🤔 I recently wrote about the importance of being conscious of your purpose when authoring a document. I spoke on the problem of trying to write to an audience when the intended audience isn’t defined. I concluded that it’s better to define your audience before beginning the draft work, because uncertainty multiplies your work.

🎯 During my work on my previous project, I slowed down for a while as I changed my mind about how much written explanation should be included. I determined ultimately my target audience. I wanted to finish my cleanup while completing the document in the appropriate manner, but by then I needed to move on to the next project in order to maintain a reasonable pace.

📝 I suspended work on that how-to document, and began a new one with a different target audience: future me. The outcome of restarting from scratch was one and a half documents, plus a cleaned dataset. I can finish work on the documents if time permits. The data that came out of it is what mattered most.

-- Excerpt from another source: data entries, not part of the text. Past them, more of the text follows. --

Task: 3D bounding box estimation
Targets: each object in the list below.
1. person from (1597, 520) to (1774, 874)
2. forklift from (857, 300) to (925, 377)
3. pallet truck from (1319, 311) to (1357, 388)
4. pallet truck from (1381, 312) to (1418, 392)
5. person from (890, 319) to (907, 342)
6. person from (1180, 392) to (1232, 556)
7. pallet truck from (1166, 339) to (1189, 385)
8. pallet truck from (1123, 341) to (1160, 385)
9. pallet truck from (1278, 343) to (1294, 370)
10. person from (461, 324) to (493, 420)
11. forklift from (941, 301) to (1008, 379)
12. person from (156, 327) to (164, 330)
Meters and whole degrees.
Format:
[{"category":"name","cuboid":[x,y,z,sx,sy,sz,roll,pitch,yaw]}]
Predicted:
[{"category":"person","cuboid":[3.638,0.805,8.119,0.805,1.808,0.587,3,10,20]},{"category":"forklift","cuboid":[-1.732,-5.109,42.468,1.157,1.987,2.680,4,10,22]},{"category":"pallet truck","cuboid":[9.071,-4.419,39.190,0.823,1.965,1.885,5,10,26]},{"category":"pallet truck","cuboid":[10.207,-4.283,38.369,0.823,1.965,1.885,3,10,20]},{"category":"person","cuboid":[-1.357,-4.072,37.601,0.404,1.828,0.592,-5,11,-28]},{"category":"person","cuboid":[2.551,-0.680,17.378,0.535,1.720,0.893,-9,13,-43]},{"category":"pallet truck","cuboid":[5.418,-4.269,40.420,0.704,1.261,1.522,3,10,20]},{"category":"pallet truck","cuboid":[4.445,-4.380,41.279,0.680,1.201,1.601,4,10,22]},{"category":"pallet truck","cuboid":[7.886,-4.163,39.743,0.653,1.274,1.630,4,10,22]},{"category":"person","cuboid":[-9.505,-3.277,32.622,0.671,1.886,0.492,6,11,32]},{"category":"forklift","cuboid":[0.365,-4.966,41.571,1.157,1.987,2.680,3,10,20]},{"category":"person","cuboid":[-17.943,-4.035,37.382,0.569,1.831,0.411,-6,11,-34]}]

🧠 In that previous project, the best pace was achieved when the target audience was my future self, because I didn’t have to multiplex my mental attention with written explanations beyond section headings and sparse commentary. I was best able to maintain a flow of organized thoughts if I single mindedly focused on completing the underlying task of cleanup—only showing my work well enough to document how I‘d spent my time and energy, and to assure reproducible results.

🎯 So, for the next project, I’m taking the same approach that worked before. I’ll show my work by writing out all the steps as I go without attempting to explain anything explicitly. I’ll revise the document with another audience in mind if the need arises. This should get me to a big picture understanding of the overall data more quickly, so I can be more helpful to the success of the projects.